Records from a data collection
══════════

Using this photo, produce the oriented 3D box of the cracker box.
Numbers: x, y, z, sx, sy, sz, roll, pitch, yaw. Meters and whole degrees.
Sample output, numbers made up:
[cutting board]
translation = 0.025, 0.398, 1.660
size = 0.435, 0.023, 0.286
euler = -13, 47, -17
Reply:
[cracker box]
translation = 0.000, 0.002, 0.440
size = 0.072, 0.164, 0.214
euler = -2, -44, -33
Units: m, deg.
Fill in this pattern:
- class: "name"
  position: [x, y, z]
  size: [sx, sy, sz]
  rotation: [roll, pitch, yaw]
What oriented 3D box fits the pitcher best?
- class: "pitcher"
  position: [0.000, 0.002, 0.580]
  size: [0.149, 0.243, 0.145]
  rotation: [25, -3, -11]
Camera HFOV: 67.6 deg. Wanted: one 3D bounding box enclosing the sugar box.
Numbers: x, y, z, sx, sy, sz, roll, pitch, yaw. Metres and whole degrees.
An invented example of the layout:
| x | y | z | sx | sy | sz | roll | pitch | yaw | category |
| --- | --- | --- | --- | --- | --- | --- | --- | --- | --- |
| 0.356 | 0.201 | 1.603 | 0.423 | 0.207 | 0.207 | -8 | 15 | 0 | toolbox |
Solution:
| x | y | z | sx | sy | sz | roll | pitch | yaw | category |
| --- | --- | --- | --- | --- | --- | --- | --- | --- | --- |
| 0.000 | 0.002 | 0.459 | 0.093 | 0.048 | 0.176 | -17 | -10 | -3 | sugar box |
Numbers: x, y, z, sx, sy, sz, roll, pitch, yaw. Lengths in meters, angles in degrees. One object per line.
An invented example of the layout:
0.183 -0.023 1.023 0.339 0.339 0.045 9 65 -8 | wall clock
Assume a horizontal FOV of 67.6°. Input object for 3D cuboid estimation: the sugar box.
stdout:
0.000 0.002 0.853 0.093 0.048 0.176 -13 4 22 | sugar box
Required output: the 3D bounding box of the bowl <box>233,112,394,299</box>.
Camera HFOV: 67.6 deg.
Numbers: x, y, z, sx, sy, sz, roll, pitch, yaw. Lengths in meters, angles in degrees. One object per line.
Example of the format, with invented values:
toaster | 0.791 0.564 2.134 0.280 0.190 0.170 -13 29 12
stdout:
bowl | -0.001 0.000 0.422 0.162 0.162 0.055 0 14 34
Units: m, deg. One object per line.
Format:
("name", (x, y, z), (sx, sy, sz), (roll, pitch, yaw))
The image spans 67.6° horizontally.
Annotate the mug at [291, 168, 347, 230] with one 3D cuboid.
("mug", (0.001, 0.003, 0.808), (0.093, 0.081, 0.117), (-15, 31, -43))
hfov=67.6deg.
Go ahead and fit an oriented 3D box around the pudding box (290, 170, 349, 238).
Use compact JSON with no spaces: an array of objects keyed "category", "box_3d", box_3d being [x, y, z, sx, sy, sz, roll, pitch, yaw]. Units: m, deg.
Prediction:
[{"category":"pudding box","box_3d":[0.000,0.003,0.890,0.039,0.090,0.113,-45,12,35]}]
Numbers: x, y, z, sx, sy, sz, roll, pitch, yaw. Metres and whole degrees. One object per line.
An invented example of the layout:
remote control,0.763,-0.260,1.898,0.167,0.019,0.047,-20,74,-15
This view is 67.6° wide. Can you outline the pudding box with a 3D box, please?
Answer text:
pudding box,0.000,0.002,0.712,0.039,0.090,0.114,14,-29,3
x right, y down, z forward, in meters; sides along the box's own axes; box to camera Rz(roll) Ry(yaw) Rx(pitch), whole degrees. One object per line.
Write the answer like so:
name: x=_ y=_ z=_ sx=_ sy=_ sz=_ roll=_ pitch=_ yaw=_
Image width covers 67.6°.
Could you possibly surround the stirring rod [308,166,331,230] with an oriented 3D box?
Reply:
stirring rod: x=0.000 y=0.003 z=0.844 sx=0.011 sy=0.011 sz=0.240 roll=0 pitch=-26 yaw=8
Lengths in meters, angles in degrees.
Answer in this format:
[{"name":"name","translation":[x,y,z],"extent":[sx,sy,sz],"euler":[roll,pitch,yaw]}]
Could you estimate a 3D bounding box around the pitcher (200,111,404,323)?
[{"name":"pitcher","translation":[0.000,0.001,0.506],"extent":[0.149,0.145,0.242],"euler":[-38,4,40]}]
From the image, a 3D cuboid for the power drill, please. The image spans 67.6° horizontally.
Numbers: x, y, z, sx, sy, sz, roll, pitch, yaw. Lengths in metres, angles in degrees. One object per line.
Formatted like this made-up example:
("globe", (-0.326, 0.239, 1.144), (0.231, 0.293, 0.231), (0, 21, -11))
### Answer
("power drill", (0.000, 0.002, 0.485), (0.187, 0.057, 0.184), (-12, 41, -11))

══════════

[Task to carry out] Find the lines above holding the word "output" and show them.

[Written answer]
Sample output, numbers made up:
Required output: the 3D bounding box of the bowl <box>233,112,394,299</box>.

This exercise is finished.